Cette "nouvelle" morale, Ernest Solvay va la mettre en pratique en créant un peu partout dans le monde des phalanstères voués au culte totalitaire du moloch productiviste.

Le Petit bout du monde de Xavier Lukomski

Il conçoit ces communautés comme des gros villages centrés autour de l'usine avec un quartier ouvrier, des rues pour les contremaîtres, une allée où résident les ingénieurs et un peu à l'écart, la maison villa du patron. Pour éliminer ce qui pourrait mettre en cause, voire enrayer la production, il établit des règles visant à contrôler la vie sociale autant que privée de tout un chacun, créant ainsi un système hiérarchisé où chaque groupe social est défini et cloisonné par sa fonction au sein de l'entreprise. Pour rendre viable cet univers en vase clos, il crée l'usine assistance et assure la gratuité des biens et des services à tous les travailleurs : logement, fournitures, soins médicaux, enseignement, service funèbre, etc. En retour il exige une obéissance et une soumission aveugle à l'idéologie et aux lois de son modèle.

Exit l'utopie

Près d'un siècle plus tard, Xavier Lukomski découvre, en plein milieu de la Camargue, Salin-de-Giraud, l'une des premières réalisations du rêve mégalo d'Ernest Solvay, et filme ce qu'il en reste.
Son film le Petit bout du monde se nourrit de ce que dévoile l'architecture industrielle de Salin et trouve son projet dans les propos et les souvenirs de ses actuels habitants.

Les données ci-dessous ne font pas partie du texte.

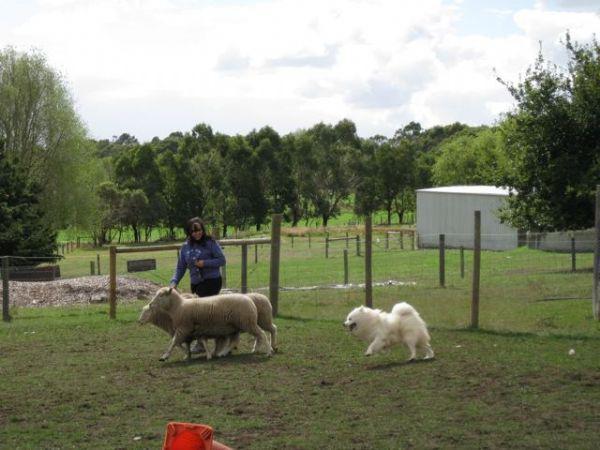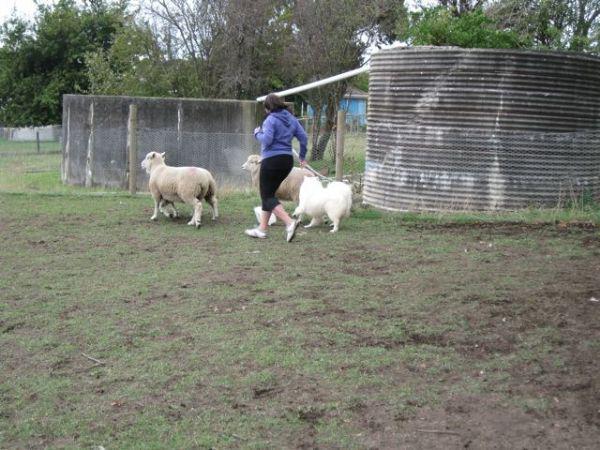The first image is the image on the left, the second image is the image on the right. Assess this claim about the two images: "A girl wearing a blue sweatshirt is with a white dog and some sheep.". Correct or not? Answer yes or no. Yes. 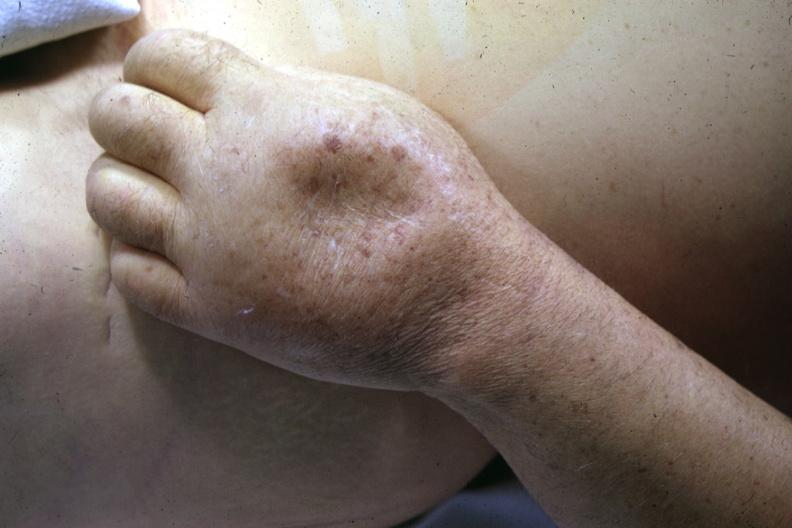does myelomonocytic leukemia show close-up of dorsum of hand with marked pitting edema good example?
Answer the question using a single word or phrase. No 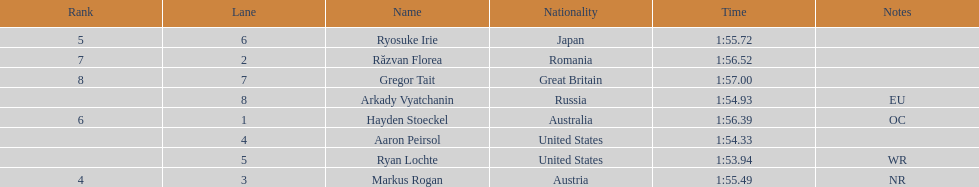Did austria or russia rank higher? Russia. 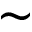Convert formula to latex. <formula><loc_0><loc_0><loc_500><loc_500>\sim</formula> 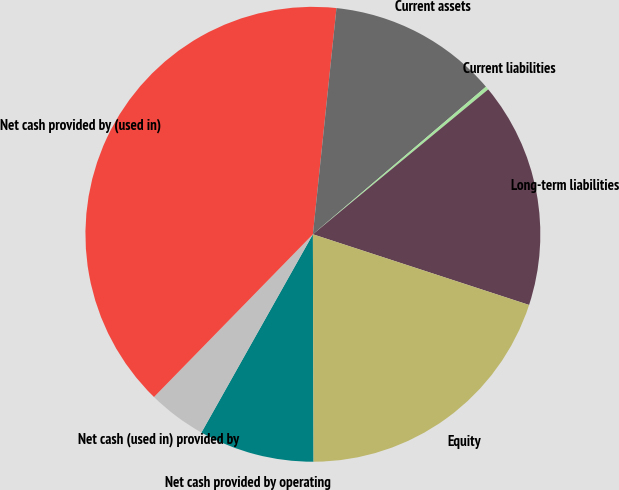Convert chart to OTSL. <chart><loc_0><loc_0><loc_500><loc_500><pie_chart><fcel>Net cash provided by operating<fcel>Net cash (used in) provided by<fcel>Net cash provided by (used in)<fcel>Current assets<fcel>Current liabilities<fcel>Long-term liabilities<fcel>Equity<nl><fcel>8.2%<fcel>4.16%<fcel>39.35%<fcel>12.11%<fcel>0.25%<fcel>16.02%<fcel>19.93%<nl></chart>

Conçu à distance, avec un respect constant pour les personnes rencontrées, le film voyage dans leur passé pour sans cesse revenir à notre présent avec une charge émotionnelle lourde de questions embarrassantes.

Car Salin est plus que la mémoire vieillissante d'un ordre patronal révolu et Xavier Lukomski l'a très bien compris. Très vite, il nous montre que l'utopie de Solvay n'est en rien différente de notre monde, qu'elle n'en est qu'une manifestation extrême et exemplaire et que ce qui est en cause ici est le statut même du travail et non ses différents modes d'organisation. Sa réalisation d'une rare intelligence cherche à comprendre le processus complexe qui valorise une servitude volontaire et ennoblit une vie faite de compromissions permanentes.

Politiquement incorrect, Xavier Lukomski, loin de faire la critique du système Solvay, en privilégie la part de nostalgie qu'en gardent ses derniers représentants. Et ce faisant, il nous rend à ce point odieuse et inacceptable cette négation de soi qu'une telle aliénation quotidienne suppose, que Le petit bout du monde vire à la mise en cause radicale du travail et s'impose comme une réponse pertinente à l'apologie du rendement et du progrès où se complaisent encore les gestionnaires de notre société.